What's actually under the hood
The architecture is a Mixture-of-Experts, which means the 1 trillion parameters are just the storage cost. At inference time, only 32 billion wake up per token — the rest stay dormant. That's the trick that makes it runnable at all.
- 384 experts total — 8 routed per token, 1 shared that always fires
- Multi-head Latent Attention (MLA) — the same approach DeepSeek used, cuts KV-cache memory hard
- SwiGLU activations, MuonClip optimizer — nothing exotic, just battle-tested parts
- Native INT4 — they trained with Quantization-Aware Training from the start, so the 4-bit version isn't a downgrade, it is the model
Weight file sits at roughly 594 GB. That's not a typo. You're not running this on your MacBook.
FIG 1 · MoE routing: 8 active experts per token + 1 shared
Reality check
On a pair of H100s you won't run this.
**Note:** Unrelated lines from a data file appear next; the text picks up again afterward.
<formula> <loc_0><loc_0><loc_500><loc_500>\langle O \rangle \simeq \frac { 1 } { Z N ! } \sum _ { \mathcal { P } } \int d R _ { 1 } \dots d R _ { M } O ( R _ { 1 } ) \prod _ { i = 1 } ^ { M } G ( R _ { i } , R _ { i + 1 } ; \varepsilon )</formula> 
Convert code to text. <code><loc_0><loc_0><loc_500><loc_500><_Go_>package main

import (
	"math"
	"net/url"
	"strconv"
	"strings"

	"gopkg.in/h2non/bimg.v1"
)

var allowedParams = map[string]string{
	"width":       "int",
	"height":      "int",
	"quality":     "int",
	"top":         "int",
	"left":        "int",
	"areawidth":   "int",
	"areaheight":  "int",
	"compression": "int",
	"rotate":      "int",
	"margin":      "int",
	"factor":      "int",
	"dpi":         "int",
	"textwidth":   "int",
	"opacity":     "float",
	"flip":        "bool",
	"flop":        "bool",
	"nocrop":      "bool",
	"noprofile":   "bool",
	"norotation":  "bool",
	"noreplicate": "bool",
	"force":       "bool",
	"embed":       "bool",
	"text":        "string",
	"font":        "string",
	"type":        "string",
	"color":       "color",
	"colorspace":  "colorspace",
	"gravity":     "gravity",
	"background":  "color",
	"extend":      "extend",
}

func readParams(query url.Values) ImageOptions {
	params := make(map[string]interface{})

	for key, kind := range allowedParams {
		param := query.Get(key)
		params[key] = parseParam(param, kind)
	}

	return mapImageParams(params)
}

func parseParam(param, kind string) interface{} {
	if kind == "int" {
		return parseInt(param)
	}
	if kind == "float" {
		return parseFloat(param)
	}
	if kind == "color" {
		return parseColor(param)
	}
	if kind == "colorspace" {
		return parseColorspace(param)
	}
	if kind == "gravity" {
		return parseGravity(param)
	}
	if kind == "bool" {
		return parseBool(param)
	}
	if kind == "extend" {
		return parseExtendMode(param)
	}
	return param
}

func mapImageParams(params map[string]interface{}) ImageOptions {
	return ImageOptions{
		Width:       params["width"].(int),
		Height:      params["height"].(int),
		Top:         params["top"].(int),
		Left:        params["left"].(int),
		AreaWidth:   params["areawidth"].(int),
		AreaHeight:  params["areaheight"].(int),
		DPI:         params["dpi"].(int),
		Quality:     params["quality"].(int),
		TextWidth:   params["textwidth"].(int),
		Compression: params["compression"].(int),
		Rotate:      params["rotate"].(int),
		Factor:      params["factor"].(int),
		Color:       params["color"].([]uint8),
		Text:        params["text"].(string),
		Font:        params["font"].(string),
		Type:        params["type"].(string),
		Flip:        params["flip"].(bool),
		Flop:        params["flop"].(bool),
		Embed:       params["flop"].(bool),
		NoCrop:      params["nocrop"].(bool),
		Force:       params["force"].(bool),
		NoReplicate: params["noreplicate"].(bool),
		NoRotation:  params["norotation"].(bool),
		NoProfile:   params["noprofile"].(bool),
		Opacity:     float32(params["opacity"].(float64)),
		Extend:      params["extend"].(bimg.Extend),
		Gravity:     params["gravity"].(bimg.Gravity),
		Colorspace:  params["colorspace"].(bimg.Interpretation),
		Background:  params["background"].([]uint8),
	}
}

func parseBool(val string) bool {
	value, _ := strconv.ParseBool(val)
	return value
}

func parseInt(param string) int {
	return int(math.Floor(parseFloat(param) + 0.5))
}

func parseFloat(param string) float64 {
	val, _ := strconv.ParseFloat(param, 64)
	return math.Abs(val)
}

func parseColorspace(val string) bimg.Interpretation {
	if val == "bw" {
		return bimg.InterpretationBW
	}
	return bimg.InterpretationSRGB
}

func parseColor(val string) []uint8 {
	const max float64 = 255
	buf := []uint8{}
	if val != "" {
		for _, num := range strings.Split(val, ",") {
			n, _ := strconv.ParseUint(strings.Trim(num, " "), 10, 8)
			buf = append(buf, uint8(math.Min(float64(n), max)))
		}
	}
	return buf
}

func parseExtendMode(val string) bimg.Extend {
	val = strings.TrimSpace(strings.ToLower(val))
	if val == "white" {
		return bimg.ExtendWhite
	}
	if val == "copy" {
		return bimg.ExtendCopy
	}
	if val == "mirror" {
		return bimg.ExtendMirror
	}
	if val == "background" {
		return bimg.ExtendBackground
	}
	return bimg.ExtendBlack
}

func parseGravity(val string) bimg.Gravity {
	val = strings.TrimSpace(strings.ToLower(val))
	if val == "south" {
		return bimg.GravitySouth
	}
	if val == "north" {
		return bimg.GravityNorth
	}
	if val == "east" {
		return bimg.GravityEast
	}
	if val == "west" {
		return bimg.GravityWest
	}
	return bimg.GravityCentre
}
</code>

Full production needs 8× H100 or H200 GPUs. A cut-down INT4 variant fits on 4× H100 with reduced context. Consumer hardware? You'll see 1–7 tokens/sec — technically working, practically useless.
Four variants — and why Swarm is the headline
Moonshot isn't shipping one model. They're shipping four modes, each tuned for a different workload. Same base weights, different runtime behaviour.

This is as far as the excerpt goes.